## To do
Copy the full listing exactly.

## Data under study
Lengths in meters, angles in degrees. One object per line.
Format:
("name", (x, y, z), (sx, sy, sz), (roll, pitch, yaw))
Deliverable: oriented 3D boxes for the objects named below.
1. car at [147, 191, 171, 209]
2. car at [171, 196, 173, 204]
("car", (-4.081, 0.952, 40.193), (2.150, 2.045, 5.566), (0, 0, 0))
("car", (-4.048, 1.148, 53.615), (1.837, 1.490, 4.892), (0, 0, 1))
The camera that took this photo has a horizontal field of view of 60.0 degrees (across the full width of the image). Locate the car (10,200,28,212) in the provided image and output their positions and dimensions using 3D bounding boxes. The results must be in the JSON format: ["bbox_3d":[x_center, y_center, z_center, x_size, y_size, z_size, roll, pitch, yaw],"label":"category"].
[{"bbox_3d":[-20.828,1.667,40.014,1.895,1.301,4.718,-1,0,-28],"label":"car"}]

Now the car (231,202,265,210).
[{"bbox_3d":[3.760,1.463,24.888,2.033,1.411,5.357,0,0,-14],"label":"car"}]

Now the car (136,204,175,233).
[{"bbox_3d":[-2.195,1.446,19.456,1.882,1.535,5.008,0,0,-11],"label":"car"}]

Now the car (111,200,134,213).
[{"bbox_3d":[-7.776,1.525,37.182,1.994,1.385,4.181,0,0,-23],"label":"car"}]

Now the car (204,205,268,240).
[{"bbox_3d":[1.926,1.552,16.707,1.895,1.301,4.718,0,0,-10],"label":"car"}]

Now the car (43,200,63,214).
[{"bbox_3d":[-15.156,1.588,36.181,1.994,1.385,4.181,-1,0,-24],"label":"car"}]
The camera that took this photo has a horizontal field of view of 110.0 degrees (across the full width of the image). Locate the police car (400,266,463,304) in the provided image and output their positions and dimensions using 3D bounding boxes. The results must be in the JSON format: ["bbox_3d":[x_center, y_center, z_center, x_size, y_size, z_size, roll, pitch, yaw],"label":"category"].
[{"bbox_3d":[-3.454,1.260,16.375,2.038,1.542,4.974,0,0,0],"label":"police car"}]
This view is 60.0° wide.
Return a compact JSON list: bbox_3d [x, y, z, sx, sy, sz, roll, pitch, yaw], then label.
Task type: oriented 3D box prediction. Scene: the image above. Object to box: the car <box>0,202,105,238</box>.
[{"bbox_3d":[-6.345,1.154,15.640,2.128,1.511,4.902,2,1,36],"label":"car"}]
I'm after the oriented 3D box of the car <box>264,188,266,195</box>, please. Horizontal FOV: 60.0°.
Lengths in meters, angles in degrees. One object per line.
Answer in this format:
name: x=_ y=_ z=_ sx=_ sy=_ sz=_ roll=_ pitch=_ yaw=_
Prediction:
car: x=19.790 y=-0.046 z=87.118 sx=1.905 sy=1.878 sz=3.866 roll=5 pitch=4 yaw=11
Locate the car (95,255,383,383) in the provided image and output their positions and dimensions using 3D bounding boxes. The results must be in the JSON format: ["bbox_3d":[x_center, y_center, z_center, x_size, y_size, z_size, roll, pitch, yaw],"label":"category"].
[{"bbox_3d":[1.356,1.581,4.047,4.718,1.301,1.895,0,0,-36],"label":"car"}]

## Expected answer
Lengths in meters, angles in degrees. One object per line.
Format:
("name", (x, y, z), (sx, sy, sz), (roll, pitch, yaw))
Deliverable: oriented 3D boxes for the objects named below.
1. car at [147, 191, 171, 209]
2. car at [171, 196, 173, 204]
("car", (-4.081, 0.952, 40.193), (2.150, 2.045, 5.566), (0, 0, 0))
("car", (-4.048, 1.148, 53.615), (1.837, 1.490, 4.892), (0, 0, 1))
The camera that took this photo has a horizontal field of view of 60.0 degrees (across the full width of the image). Locate the car (10,200,28,212) in the provided image and output their positions and dimensions using 3D bounding boxes. The results must be in the JSON format: ["bbox_3d":[x_center, y_center, z_center, x_size, y_size, z_size, roll, pitch, yaw],"label":"category"].
[{"bbox_3d":[-20.828,1.667,40.014,1.895,1.301,4.718,-1,0,-28],"label":"car"}]

Now the car (231,202,265,210).
[{"bbox_3d":[3.760,1.463,24.888,2.033,1.411,5.357,0,0,-14],"label":"car"}]

Now the car (136,204,175,233).
[{"bbox_3d":[-2.195,1.446,19.456,1.882,1.535,5.008,0,0,-11],"label":"car"}]

Now the car (111,200,134,213).
[{"bbox_3d":[-7.776,1.525,37.182,1.994,1.385,4.181,0,0,-23],"label":"car"}]

Now the car (204,205,268,240).
[{"bbox_3d":[1.926,1.552,16.707,1.895,1.301,4.718,0,0,-10],"label":"car"}]

Now the car (43,200,63,214).
[{"bbox_3d":[-15.156,1.588,36.181,1.994,1.385,4.181,-1,0,-24],"label":"car"}]
The camera that took this photo has a horizontal field of view of 110.0 degrees (across the full width of the image). Locate the police car (400,266,463,304) in the provided image and output their positions and dimensions using 3D bounding boxes. The results must be in the JSON format: ["bbox_3d":[x_center, y_center, z_center, x_size, y_size, z_size, roll, pitch, yaw],"label":"category"].
[{"bbox_3d":[-3.454,1.260,16.375,2.038,1.542,4.974,0,0,0],"label":"police car"}]
This view is 60.0° wide.
Return a compact JSON list: bbox_3d [x, y, z, sx, sy, sz, roll, pitch, yaw], then label.
Task type: oriented 3D box prediction. Scene: the image above. Object to box: the car <box>0,202,105,238</box>.
[{"bbox_3d":[-6.345,1.154,15.640,2.128,1.511,4.902,2,1,36],"label":"car"}]
I'm after the oriented 3D box of the car <box>264,188,266,195</box>, please. Horizontal FOV: 60.0°.
Lengths in meters, angles in degrees. One object per line.
Answer in this format:
name: x=_ y=_ z=_ sx=_ sy=_ sz=_ roll=_ pitch=_ yaw=_
Prediction:
car: x=19.790 y=-0.046 z=87.118 sx=1.905 sy=1.878 sz=3.866 roll=5 pitch=4 yaw=11
Locate the car (95,255,383,383) in the provided image and output their positions and dimensions using 3D bounding boxes. The results must be in the JSON format: ["bbox_3d":[x_center, y_center, z_center, x_size, y_size, z_size, roll, pitch, yaw],"label":"category"].
[{"bbox_3d":[1.356,1.581,4.047,4.718,1.301,1.895,0,0,-36],"label":"car"}]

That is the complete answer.